Maybe you’d prefer not to be laughed at, so it’s possible these old phrases don’t “razz your berries” like they do mine. And frankly I don’t want to embarrass my friends and family too much with my old people words, so I may not choose to do it “to the max” when I’m in public with them. But if they think my weird speech is a “bummer,” I’m guessing they won’t think it too much of a bummer simply because “bummer” is so much fun to say.
Humor can always defuse a tense situation, so if someone’s really mad at you, just say, “I’ll bet you’d like to give me a“knuckle sandwich.” If that doesn’t calm things down, ask him if he thinks you’re “cruisin’ for a bruisin’” and he may very well walk away from the argument shaking his head with a sardonic smile. Still, it’s best to avoid a possible “knuckle sandwich” situation by simply not “having a cow” over everything. If you agree that this is the “word from the bird,” then let’s hear you say “10-4 good buddy.”
What would be funniest is if two people carried on a real conversation just using old people words. Can you imagine the expressions on the faces of anyone overhearing this conversation today?
“What’s shakin’ Daddio?”
“Nothin’, just hanging loose.”
“Far out, man. I just hope you aren’t out to lunch!”
“Whoa, take a chill pill pardner! I’m no space cadet!”
“You bet your sweet bippy you’re not! You’re a gas, bro!”
“You’re da bomb too, dude. Listen, I gotta beat feet.”
“You have to split now?”
“Yeah, time to blow. Me and my old lady are gonna catch a flick at the passion pit.”
“Gonna suck face at the drive-in, huh? Well, no makin’ whoopee now!”
“You’re bodacious, dude! Catch you on the flip side.”

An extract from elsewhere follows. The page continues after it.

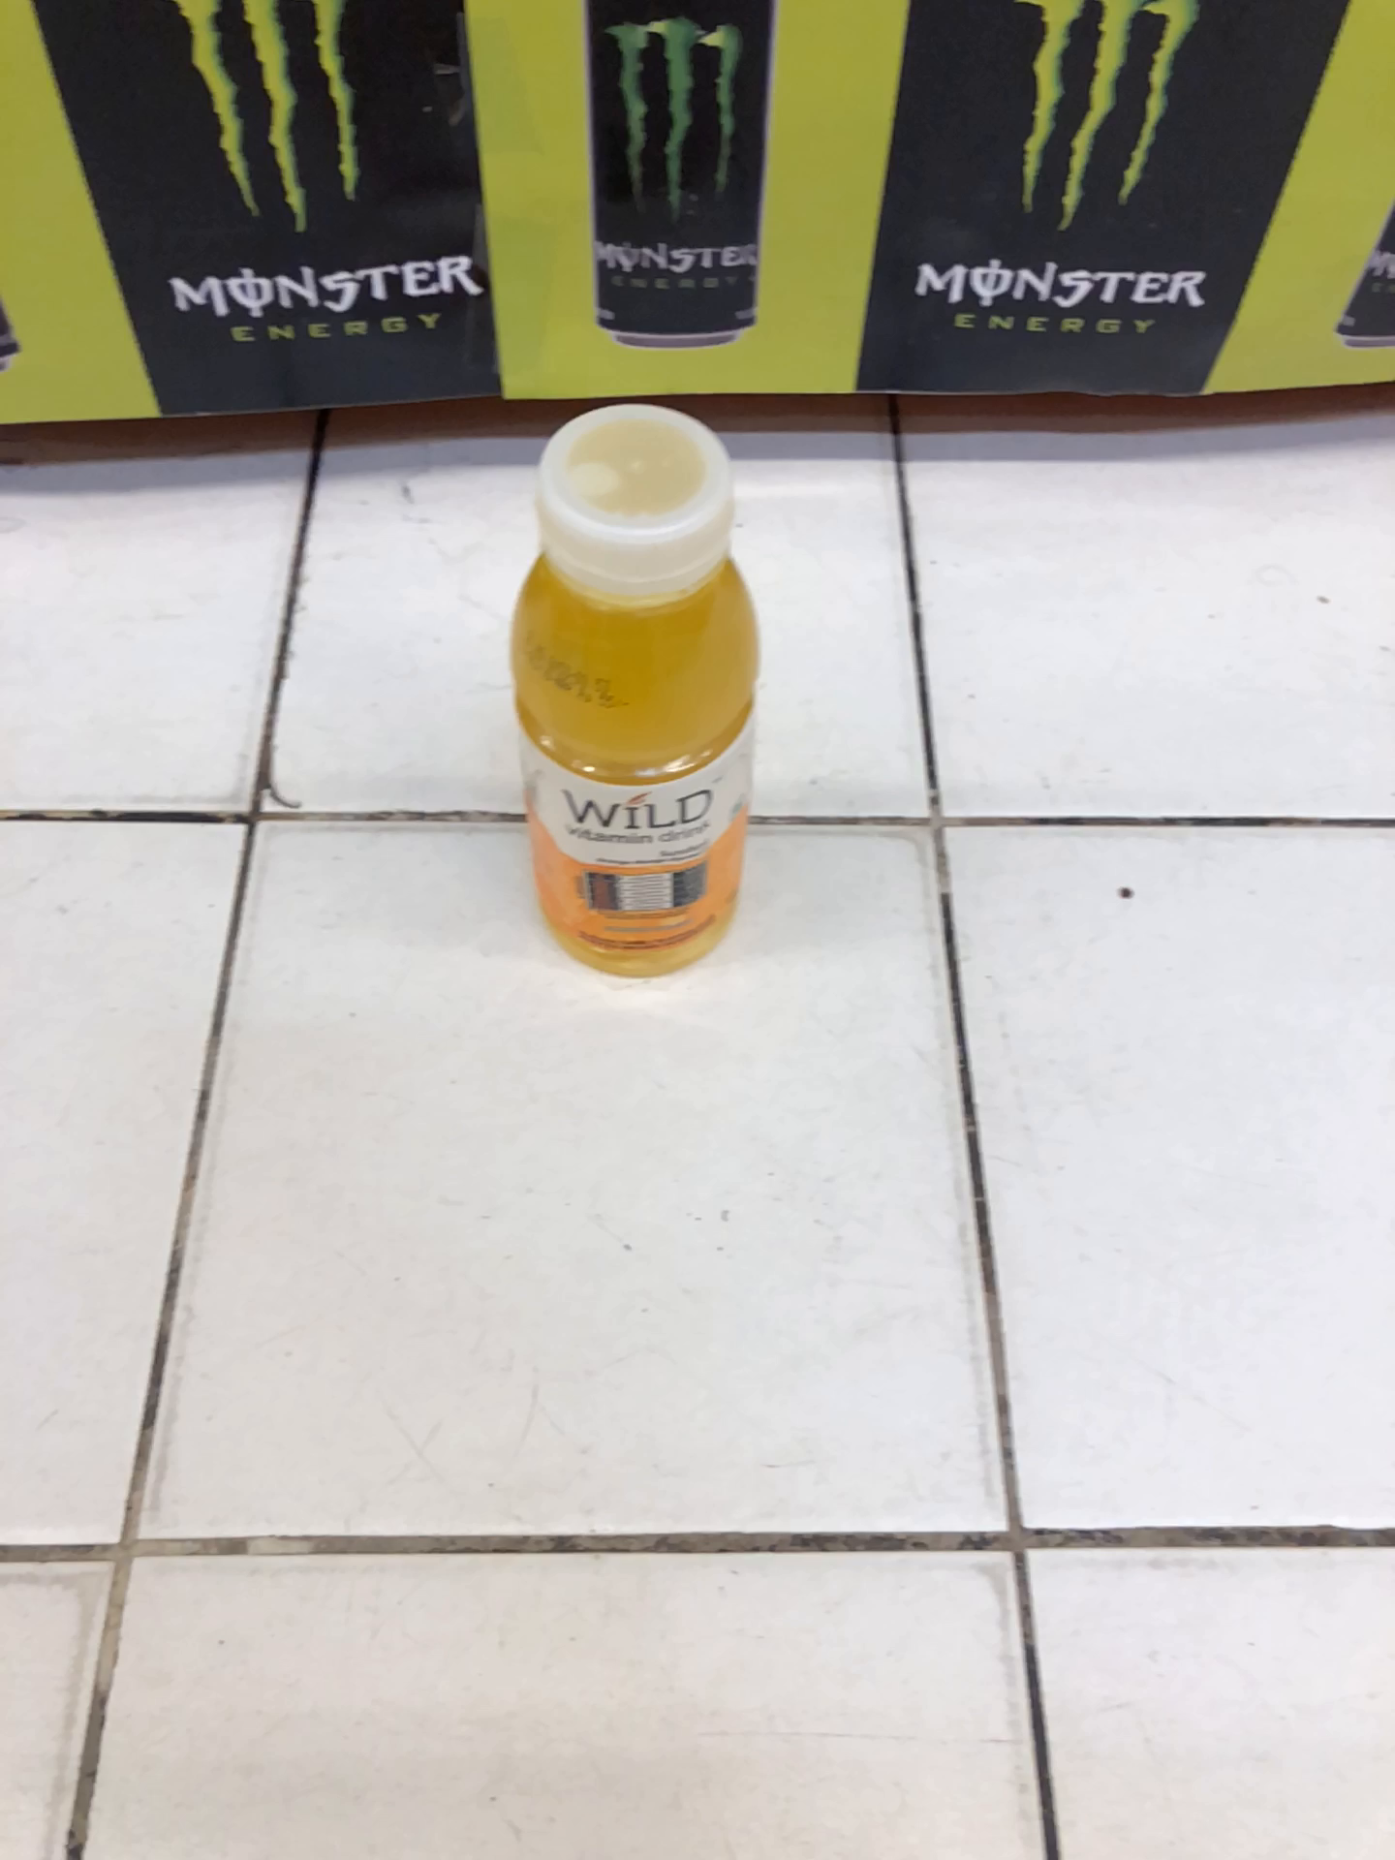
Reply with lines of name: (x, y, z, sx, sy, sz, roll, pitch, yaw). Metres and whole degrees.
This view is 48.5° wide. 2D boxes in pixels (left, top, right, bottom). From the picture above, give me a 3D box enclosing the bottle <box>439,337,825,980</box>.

So what do you say, comical communicators? Even though some might think I should “cool my jets” about these archaic phrases, I’m certain we’d hear a lot more laughter if we could convince people that old-fashioned slang is actually “the cat’s pajamas.” I say we either convince the members of this generation of the entertainment value of these words or annoy them trying.
Because if we succeed, it will be so gnarly.